Schromen-Wawrin, who will be 42 on Nov. 2, said that housing isn’t in large supply in Port Angeles.
He said that, according to a housing assessment, the city needed 600 new housing units by 2020 and will be short 3,000 by 2030.
“That is the big challenge that we as a community need to address,” Schromen-Wawrin said.
“Let’s nip it in the bud right now, this line that is killing us, that is, they are coming here from somewhere else,” he said, adding that city officials from across the state hear that assertion.
“People are experiencing homelessness in Clallam County because the rent is too high, and that is why they’re being pushed out of rentals into homelessness.”
He noted Lincoln Park did at one time have a campground.
Thompson, responding to Red Lion Hotel Manager Donya Alward’s frustration over dealing with homeless people who set up camp on hotel property and the lack of safety felt by visitors, said the council has fallen short in addressing her concerns.
“I have a position of empathy for the homeless, do not get me wrong,” said Thompson, who will be 34 on Nov. 2. He is general manager at McCrorie Carpet One Floor & Home in Port Angeles.
“But it has no place on our streets and in our businesses when we are trying to represent a county. [Alward] needs pathways to get these people off her property,” he said.
“We need to tie in with local law enforcement.
“Our parks are not safe. The waterfront’s not safe. We need to get these people out of the way,” he said.
“You can look at the police reports and the scanner. There are multiple incidences of harassment, multiple incidences of people revealing themselves in public, there’s break-ins.
“We do need to get them out of our main streets and out of our business fronts.”
Thompson said city government needs to make it easier for housing to be built by creating an “express lane” for developers and fast-tracking permits.
He said his top issues are crime prevention, code enforcement, an expanded parks and recreation program and building up small businesses.
There should be more emphasis on code enforcement, and codes are not specific enough for officers “to make headway on the street,” Stamper said.
“Code enforcement would solve a good amount of the problems that people are seeing as visual problems in our town,” she said.
Schromen-Wawrin said he has addressed the housing crunch by supporting allowing of duplex dwelling structures in the city and making it easier to build accessory dwelling units.

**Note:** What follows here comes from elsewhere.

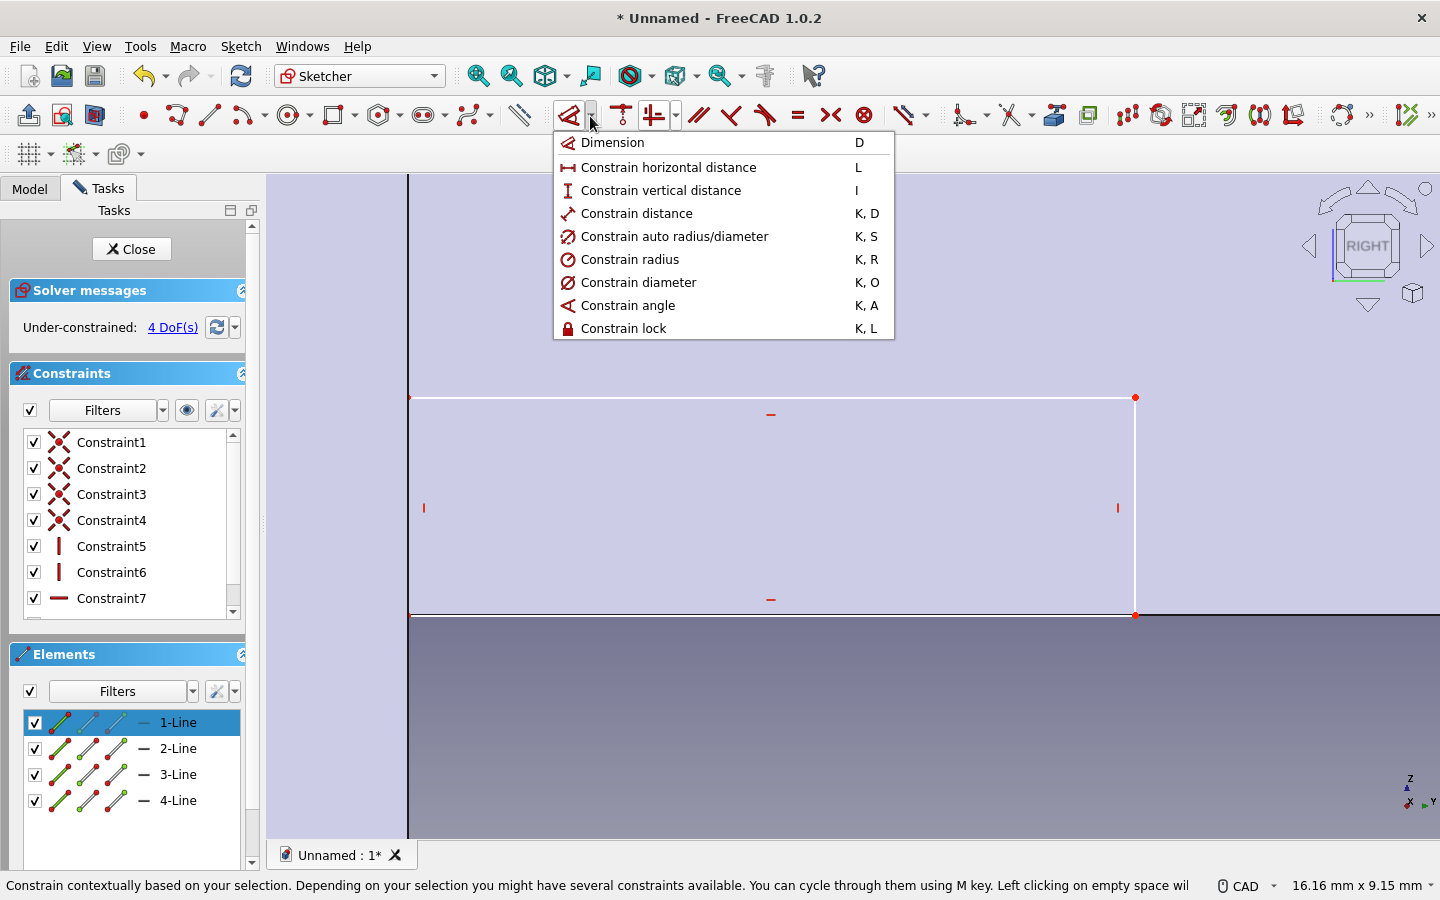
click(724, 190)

His other top issues include fiscal sustainability of a general fund that has forced the city to defer maintenance, providing more affordable housing that will require upgrading the city’s infrastructure, and upgrading code enforcement.
Asked about the alternative route for the Waterfront Trail, Thompson said the trail is being managed by the wrong department — parks.

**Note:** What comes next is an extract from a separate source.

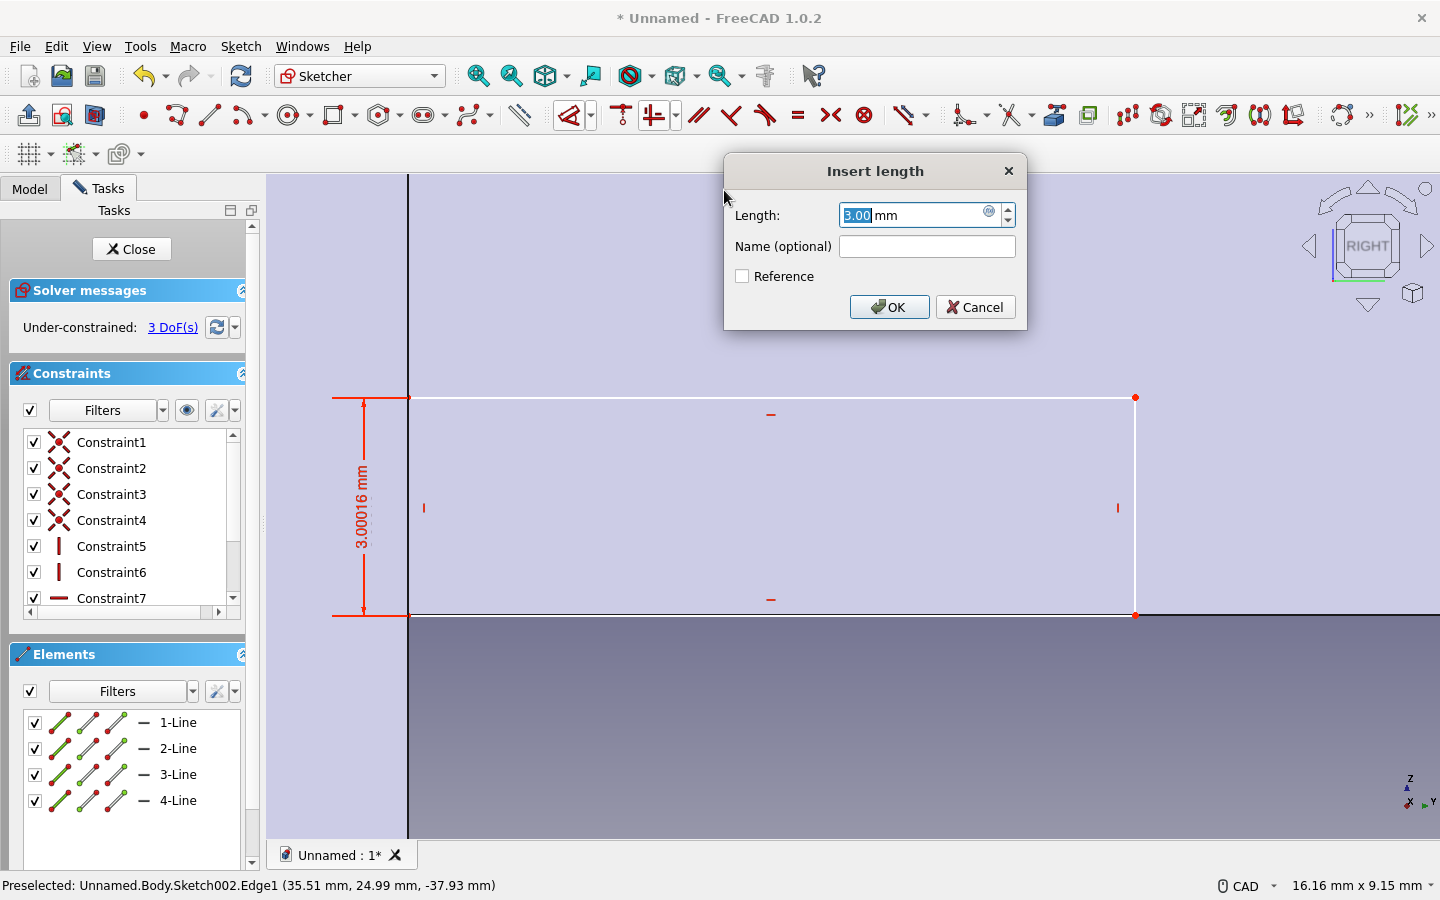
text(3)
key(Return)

“They’re going to try to find a way to get this done,” Thompson predicted of the bypass, favoring trail maintenance.
“This is like taking a money-making section of your business and just abandoning it,” Stamper said.
She said she agreed with Thompson that the trail should be managed by public works.
“If Jason had stayed for the entire meeting, he would have heard what we did,” Schromen-Wawrin said, chiding Thompson.
“I said, and this is the reason we’re having this conversation, that this a very expensive piece of infrastructure.
“I hear loud and clear, we want to keep this asset.”
He said the trail was being switched from being a parks project to a transportation project.
“That makes logical sense to us,” he said.
“I would love it if this campaign were about who’s the biggest bicycle infrastructure advocate. I think we have other issues, but I’m happy to go there, too.”